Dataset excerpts

Start of Block

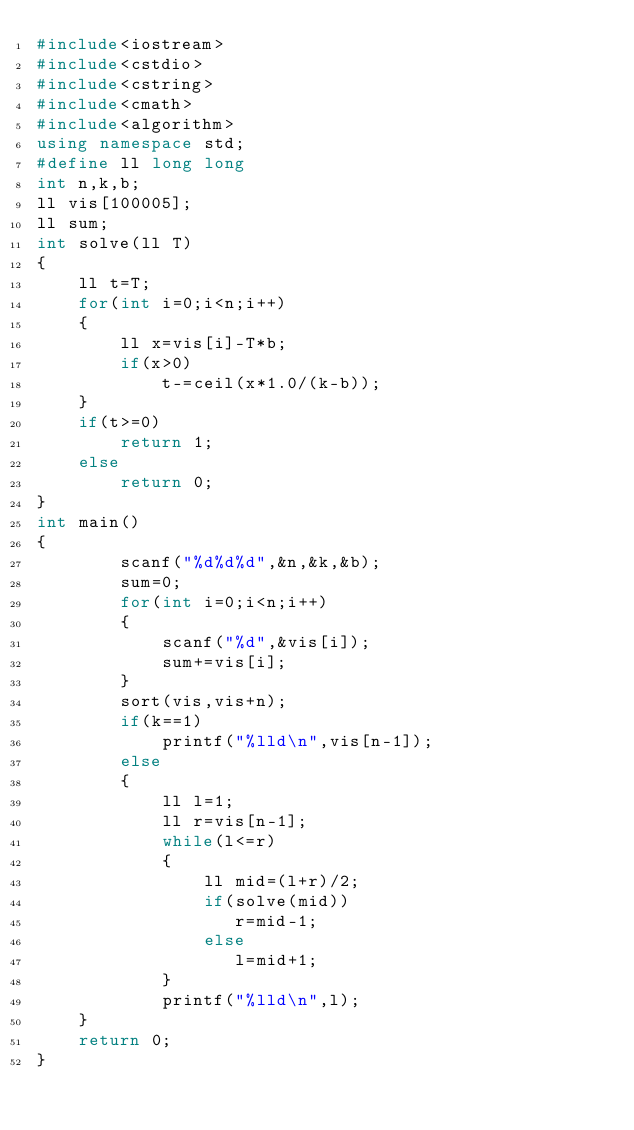Convert code to text. <code><loc_0><loc_0><loc_500><loc_500><_C++_>#include<iostream>
#include<cstdio>
#include<cstring>
#include<cmath>
#include<algorithm>
using namespace std;
#define ll long long
int n,k,b;
ll vis[100005];
ll sum;
int solve(ll T)
{
    ll t=T;
    for(int i=0;i<n;i++)
    {
        ll x=vis[i]-T*b;
        if(x>0)
            t-=ceil(x*1.0/(k-b));
    }
    if(t>=0)
        return 1;
    else
        return 0;
}
int main()
{
        scanf("%d%d%d",&n,&k,&b);
        sum=0;
        for(int i=0;i<n;i++)
        {
            scanf("%d",&vis[i]);
            sum+=vis[i];
        }
        sort(vis,vis+n);
        if(k==1)
            printf("%lld\n",vis[n-1]);
        else
        {
            ll l=1;
            ll r=vis[n-1];
            while(l<=r)
            {
                ll mid=(l+r)/2;
                if(solve(mid))
                   r=mid-1;
                else
                   l=mid+1;
            }
            printf("%lld\n",l);
    }
    return 0;
}
</code>

End of Block

— Assignment —
Where the line containing "#include<cstdio>" appears in the records above, begin there and print every line through the last, exactly and with nothing else.

— Expected answer —
#include<cstdio>
#include<cstring>
#include<cmath>
#include<algorithm>
using namespace std;
#define ll long long
int n,k,b;
ll vis[100005];
ll sum;
int solve(ll T)
{
    ll t=T;
    for(int i=0;i<n;i++)
    {
        ll x=vis[i]-T*b;
        if(x>0)
            t-=ceil(x*1.0/(k-b));
    }
    if(t>=0)
        return 1;
    else
        return 0;
}
int main()
{
        scanf("%d%d%d",&n,&k,&b);
        sum=0;
        for(int i=0;i<n;i++)
        {
            scanf("%d",&vis[i]);
            sum+=vis[i];
        }
        sort(vis,vis+n);
        if(k==1)
            printf("%lld\n",vis[n-1]);
        else
        {
            ll l=1;
            ll r=vis[n-1];
            while(l<=r)
            {
                ll mid=(l+r)/2;
                if(solve(mid))
                   r=mid-1;
                else
                   l=mid+1;
            }
            printf("%lld\n",l);
    }
    return 0;
}
</code>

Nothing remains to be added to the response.